Los empleos destruídos, sin embargo no fueron tanto porque si bien 53 mil personas perdieron su puesto de trabajo, se crearon 26 mil nuevos en el sector de la construcción.
A pesar de estas cifras Wall Street no se derrumbó, muy por el contrario, abrió la sesión en alza porque los analistas esperaban que los puestos destruidos fueran 30 mil pero los creados por la construcción han hecho que la ecuación arroje un saldo de 17 mil.
Pero lo cierto es que aquello que se veía como pasajero, hoy comienza a percibirse como un fenómeno que llegó para quedarse. Y los estadounidenses por primera vez comienzan a ahorrar, un dato llamativo teniendo en cuenta que su sociedad se basa en el consumo.
Volviendo al índice de desempleo, es aún más preocupante para la población hispana, que se ve más afectada. Mientras que en la población blanca los desocupados son un 0,2% más, los hispanos sufrieron un incremento del 0.7%. En total, 8,2% contra 5,4% de los blancos y los negros un 10,8% aunque en este sector cayó una décima.
Este dato es visto con mucha preocupación por la población estadounidense, que ve frustrado el “sueño americano”. Desde el trágico ataque a las Torres Gemelas perpetrado por la red Al Qaeda, el presidente Bush logró que la atención de la población se centre en la seguridad del país. La campaña a Afganistán y la invasión a Irak lograron aumentar este sentimiento de indefensión ante los demonios del Islam.
La gran ventaja del plan reeleccionista de George Walker Bush tiene que ver con la incapacidad de los demócratas por decidirse a dar un espaldarazo a alguno de los candidatos que pretenden postularse a la presidencia, de cara al 2004.
El senador John Kerry, con un perfil de héroe y aires de poeta; su compañero por Carolina del Norte John Edwards, otro galán de 49 años y abogado de las tabacaleras.
Por otro lado, los veteranos Joe Lieberman, compañero de fórmula de Al Gore con 14 años en el Senado representando a Connecticut y el ex gobernador del estado de Florida a fines de los ´70, Bob Graham.
Lo cierto es que los demócratas no encuentran el espacio para hacerse oír con su consigna de revivir el ”sueño americano” porque el presidente “copa” la agenda con su cruzada contra el terrorismo. La intención reeleccionista del republicano se vio reforzada con las elecciones legislativas de noviembre del año pasado, en las que se involucró personalmente.
Los republicanos recuperaron el control del Senado, añadieron bancas a su mayoría en la Cámara de Representantes, e impidieron que los demócratas alcanzaran la mayoría entre los gobernadores del país.
La gran pregunta ahora es qué podrá más, si el miedo o el bolsillo.
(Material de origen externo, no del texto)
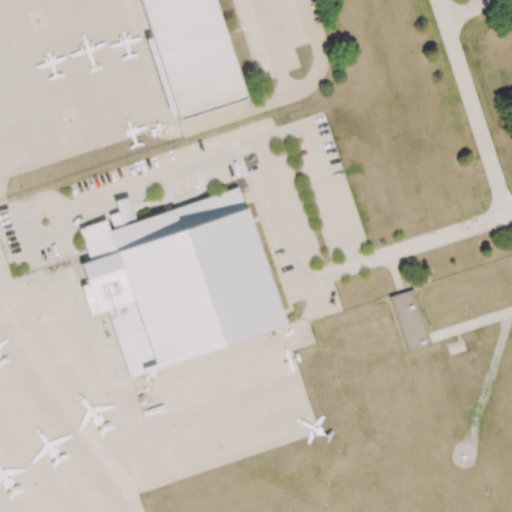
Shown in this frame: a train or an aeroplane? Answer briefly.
aeroplane
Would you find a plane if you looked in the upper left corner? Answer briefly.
Yes
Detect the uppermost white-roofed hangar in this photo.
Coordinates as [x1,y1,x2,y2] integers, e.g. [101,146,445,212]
[143,0,250,120]
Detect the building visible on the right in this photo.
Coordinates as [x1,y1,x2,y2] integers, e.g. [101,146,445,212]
[390,290,431,352]
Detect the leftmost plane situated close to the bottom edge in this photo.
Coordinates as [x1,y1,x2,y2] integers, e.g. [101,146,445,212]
[0,468,26,501]
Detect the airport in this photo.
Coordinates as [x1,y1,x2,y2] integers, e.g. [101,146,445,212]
[0,0,316,512]
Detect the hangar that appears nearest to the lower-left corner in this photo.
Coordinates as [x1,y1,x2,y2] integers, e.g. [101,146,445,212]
[80,186,289,378]
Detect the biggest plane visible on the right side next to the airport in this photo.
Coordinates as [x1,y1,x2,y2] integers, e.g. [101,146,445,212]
[296,416,335,446]
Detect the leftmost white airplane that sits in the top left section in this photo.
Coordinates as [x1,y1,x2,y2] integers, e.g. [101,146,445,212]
[36,50,67,78]
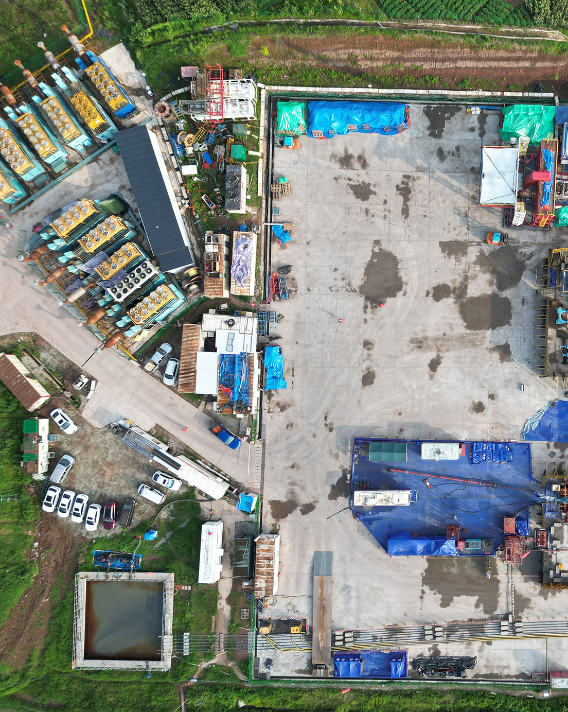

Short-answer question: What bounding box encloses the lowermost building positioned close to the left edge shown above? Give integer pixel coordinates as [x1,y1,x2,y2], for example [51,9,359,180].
[22,418,50,474]
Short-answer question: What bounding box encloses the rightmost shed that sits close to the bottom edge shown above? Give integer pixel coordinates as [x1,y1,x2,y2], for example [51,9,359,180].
[549,667,568,688]
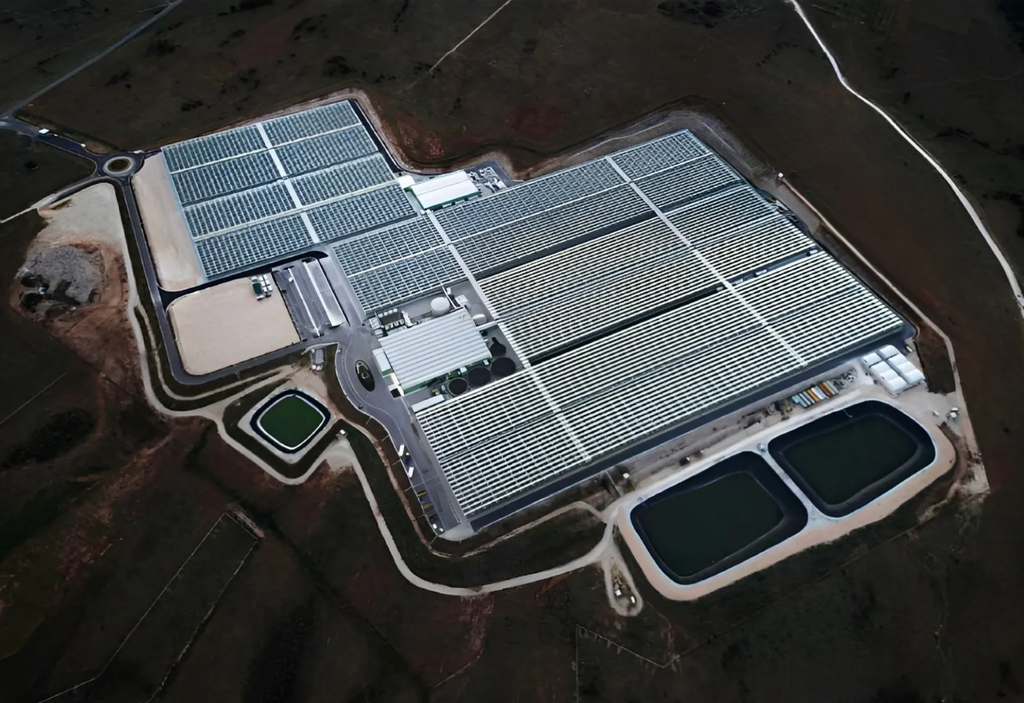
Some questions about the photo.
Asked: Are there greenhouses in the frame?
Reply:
Yes
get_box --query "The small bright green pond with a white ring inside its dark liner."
[251,390,330,452]
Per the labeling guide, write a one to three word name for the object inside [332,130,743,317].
greenhouse
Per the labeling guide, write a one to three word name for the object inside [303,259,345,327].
shed
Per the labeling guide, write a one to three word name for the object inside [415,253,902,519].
greenhouse
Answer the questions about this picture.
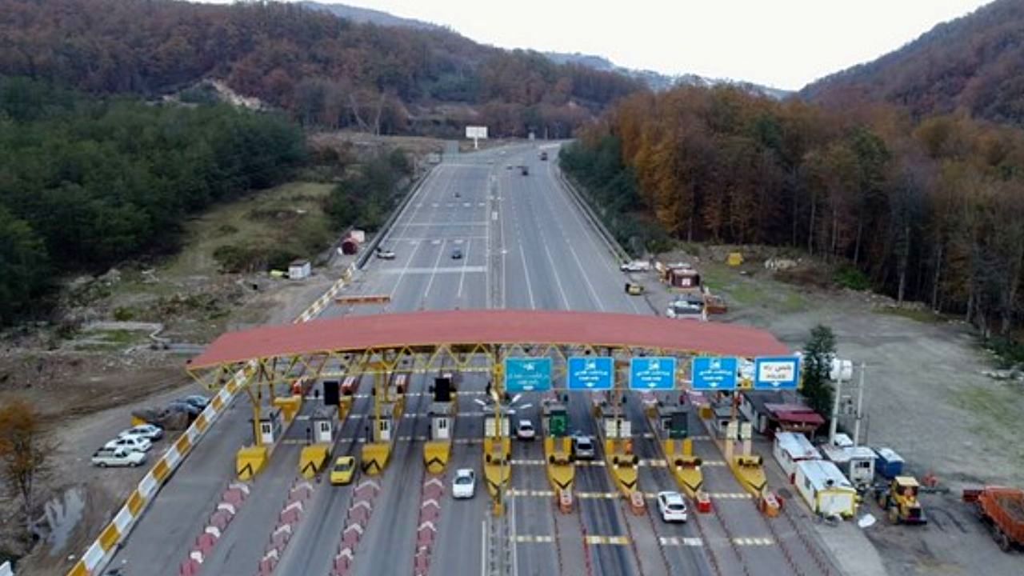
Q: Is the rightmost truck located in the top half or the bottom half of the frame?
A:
bottom
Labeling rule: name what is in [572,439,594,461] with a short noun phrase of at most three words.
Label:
car
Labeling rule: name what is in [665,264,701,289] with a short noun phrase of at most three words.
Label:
building
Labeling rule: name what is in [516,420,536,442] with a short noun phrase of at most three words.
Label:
car
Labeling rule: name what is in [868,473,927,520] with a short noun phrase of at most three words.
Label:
work vehicle
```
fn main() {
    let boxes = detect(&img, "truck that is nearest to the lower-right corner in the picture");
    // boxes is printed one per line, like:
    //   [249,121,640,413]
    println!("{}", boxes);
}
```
[960,487,1024,558]
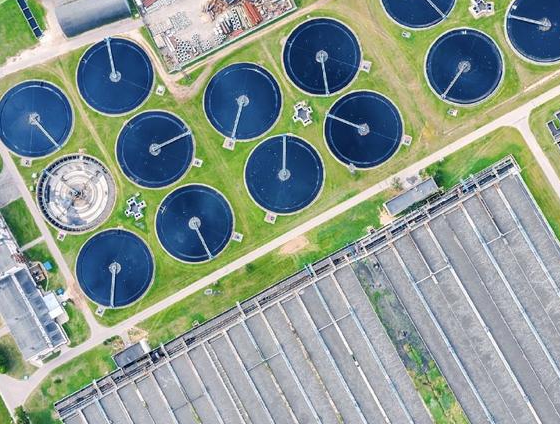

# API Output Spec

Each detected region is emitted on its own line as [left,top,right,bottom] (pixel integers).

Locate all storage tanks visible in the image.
[424,26,505,107]
[113,108,195,190]
[73,228,155,310]
[74,35,155,116]
[243,133,325,215]
[380,0,456,30]
[202,61,282,141]
[153,183,236,264]
[281,16,363,97]
[34,153,116,234]
[0,78,74,158]
[505,0,560,64]
[323,89,405,170]
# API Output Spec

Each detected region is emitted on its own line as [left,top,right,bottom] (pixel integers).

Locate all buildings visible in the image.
[0,210,72,368]
[384,178,439,215]
[52,0,132,39]
[113,342,149,367]
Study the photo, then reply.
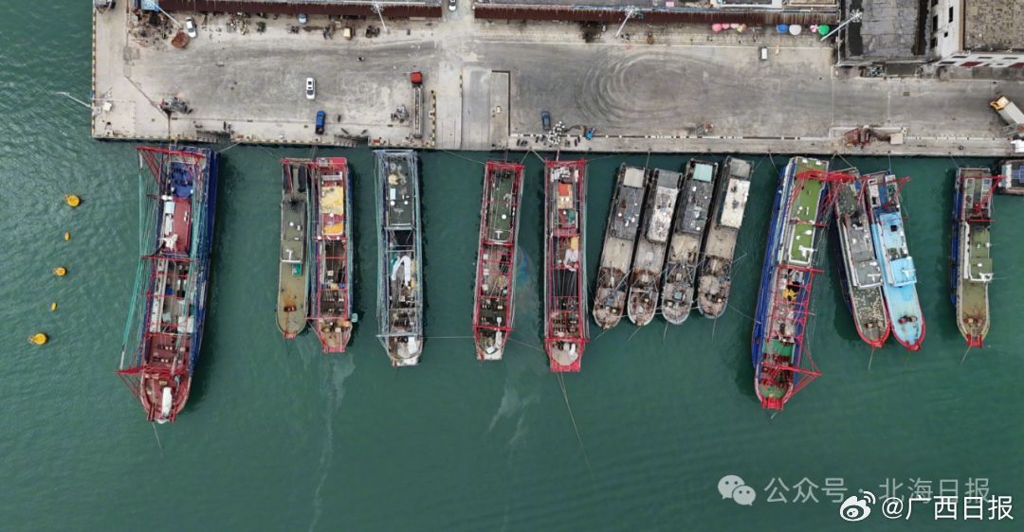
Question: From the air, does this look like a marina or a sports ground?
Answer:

Si se tiene en cuenta el ejemplo de Israel, el Likud, partido gobernante con Ariel Sharon a la cabeza, ganó las elecciones a las llamadas “palomas” de la oposición por su fama de duro. La guerra en Irak y el tema palestino hicieron que los electores eligieran seguir gobernados por una figura capaz de defenderlos ante las amenazas aunque sea poco eficiente en términos económicos. Muy similar es el perfil de Bush…habrá que ver cuál es el peor de los fantasmas para los electores estadounidenses.